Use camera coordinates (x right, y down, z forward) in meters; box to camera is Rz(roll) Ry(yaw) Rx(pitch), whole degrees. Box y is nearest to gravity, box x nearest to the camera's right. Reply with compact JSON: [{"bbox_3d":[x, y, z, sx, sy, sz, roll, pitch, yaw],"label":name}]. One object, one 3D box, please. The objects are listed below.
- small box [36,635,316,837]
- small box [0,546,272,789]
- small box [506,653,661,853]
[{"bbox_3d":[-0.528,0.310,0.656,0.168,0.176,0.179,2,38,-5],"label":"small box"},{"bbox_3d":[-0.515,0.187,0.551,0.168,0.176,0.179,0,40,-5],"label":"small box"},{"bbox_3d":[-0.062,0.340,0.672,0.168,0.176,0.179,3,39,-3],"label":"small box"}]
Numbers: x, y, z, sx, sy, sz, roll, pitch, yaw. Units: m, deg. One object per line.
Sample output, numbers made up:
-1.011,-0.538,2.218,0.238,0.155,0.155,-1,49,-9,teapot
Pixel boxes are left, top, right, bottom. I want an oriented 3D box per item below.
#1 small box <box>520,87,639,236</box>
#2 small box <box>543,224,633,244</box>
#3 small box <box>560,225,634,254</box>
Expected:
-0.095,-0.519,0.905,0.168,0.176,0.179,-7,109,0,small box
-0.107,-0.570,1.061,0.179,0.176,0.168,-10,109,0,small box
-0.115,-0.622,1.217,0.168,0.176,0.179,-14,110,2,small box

********

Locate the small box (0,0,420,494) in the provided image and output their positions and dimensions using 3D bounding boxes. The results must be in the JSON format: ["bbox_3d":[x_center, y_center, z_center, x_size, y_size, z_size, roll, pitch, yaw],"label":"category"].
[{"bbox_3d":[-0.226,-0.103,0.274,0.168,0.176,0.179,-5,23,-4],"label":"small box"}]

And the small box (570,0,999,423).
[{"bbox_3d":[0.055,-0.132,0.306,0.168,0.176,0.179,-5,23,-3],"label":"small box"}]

********

Task to carry out:
Go to the line in the material above that contains "Use camera coordinates" and copy exactly from there through the line that contains "- small box [0,546,272,789]", stopping after it.

Answer section:
Use camera coordinates (x right, y down, z forward) in meters; box to camera is Rz(roll) Ry(yaw) Rx(pitch), whole degrees. Box y is nearest to gravity, box x nearest to the camera's right. Reply with compact JSON: [{"bbox_3d":[x, y, z, sx, sy, sz, roll, pitch, yaw],"label":name}]. One object, one 3D box, please. The objects are listed below.
- small box [36,635,316,837]
- small box [0,546,272,789]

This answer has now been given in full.